* [Brief]: The answer should consist of the records below, repeated exactly, and no pictures.

Start of Available records

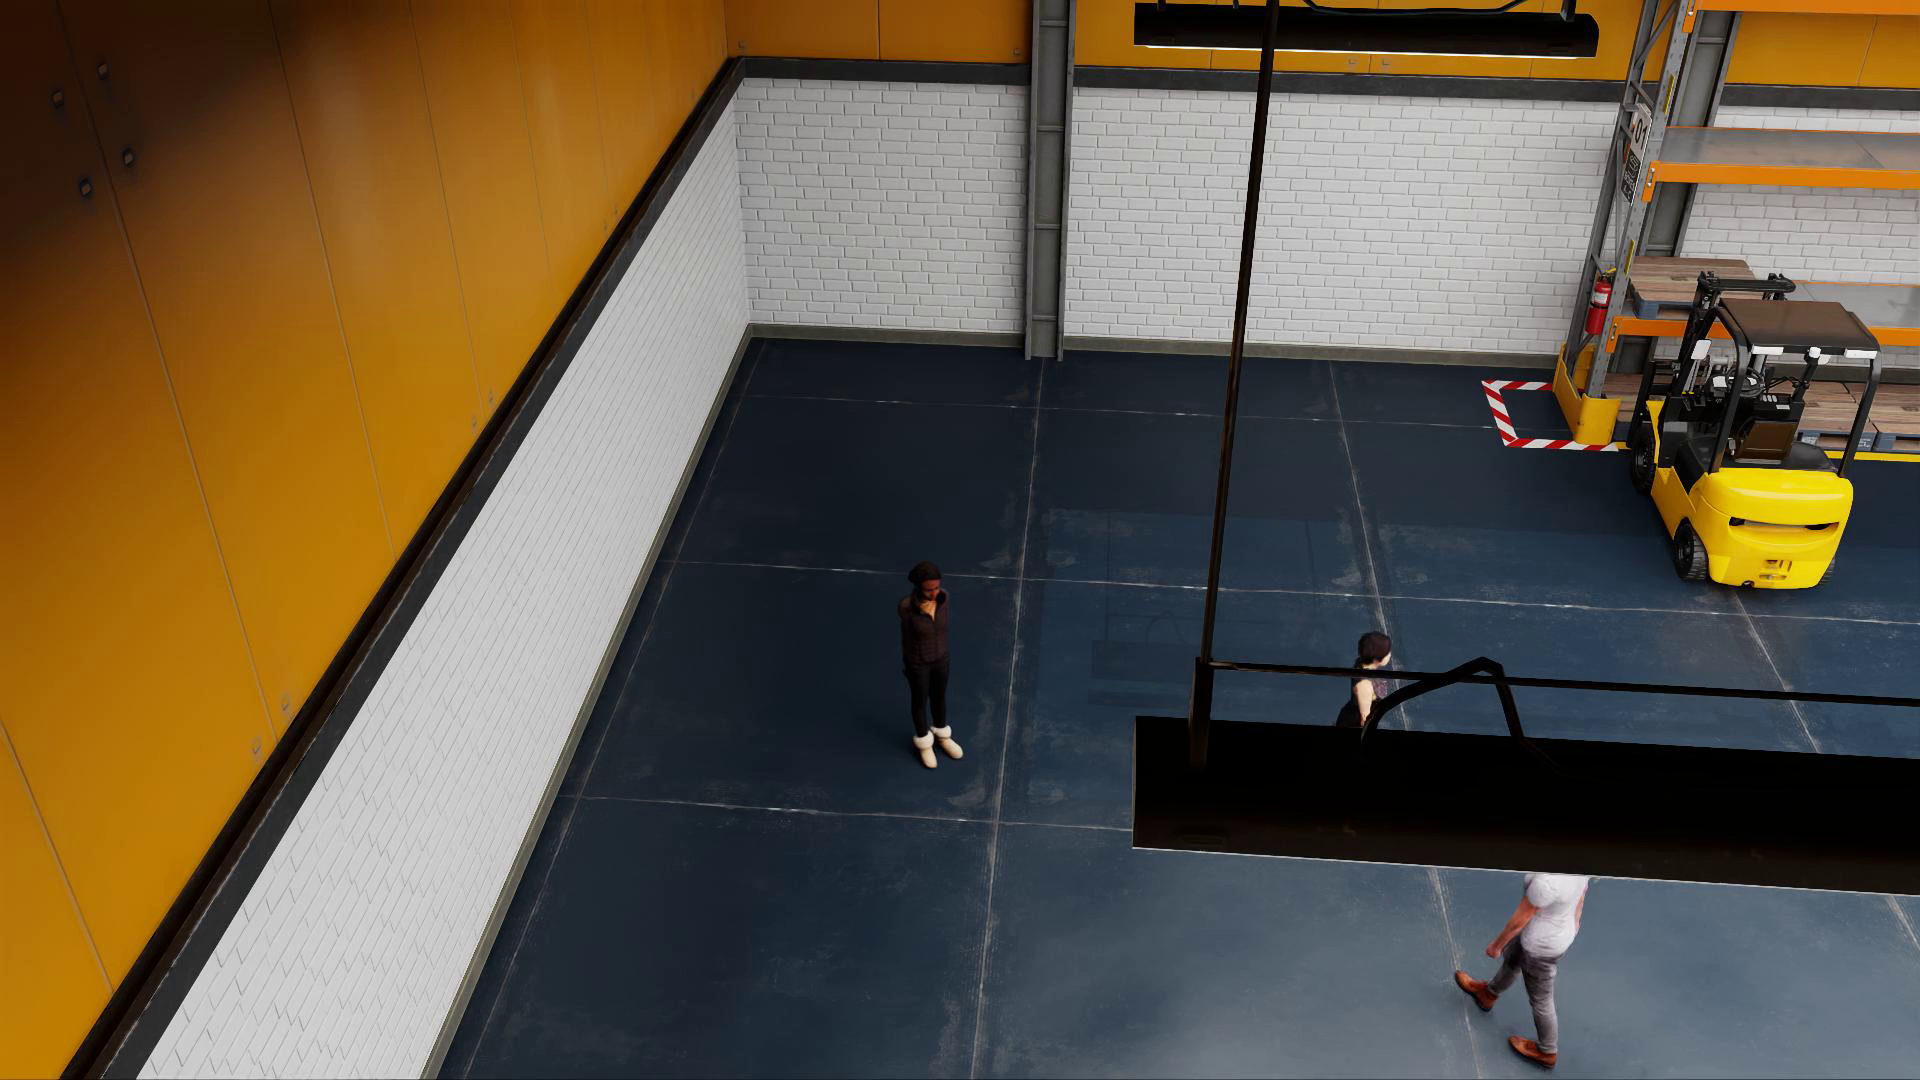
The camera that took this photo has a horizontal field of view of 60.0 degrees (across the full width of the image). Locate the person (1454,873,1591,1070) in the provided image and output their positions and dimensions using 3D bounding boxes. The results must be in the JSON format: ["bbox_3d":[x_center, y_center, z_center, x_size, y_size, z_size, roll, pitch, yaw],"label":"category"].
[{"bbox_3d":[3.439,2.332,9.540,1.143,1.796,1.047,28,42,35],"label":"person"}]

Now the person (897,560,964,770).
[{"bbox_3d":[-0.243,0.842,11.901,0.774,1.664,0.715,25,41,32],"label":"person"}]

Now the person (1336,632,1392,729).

End of Available records

* [Answer box]:
The camera that took this photo has a horizontal field of view of 60.0 degrees (across the full width of the image). Locate the person (1454,873,1591,1070) in the provided image and output their positions and dimensions using 3D bounding boxes. The results must be in the JSON format: ["bbox_3d":[x_center, y_center, z_center, x_size, y_size, z_size, roll, pitch, yaw],"label":"category"].
[{"bbox_3d":[3.439,2.332,9.540,1.143,1.796,1.047,28,42,35],"label":"person"}]

Now the person (897,560,964,770).
[{"bbox_3d":[-0.243,0.842,11.901,0.774,1.664,0.715,25,41,32],"label":"person"}]

Now the person (1336,632,1392,729).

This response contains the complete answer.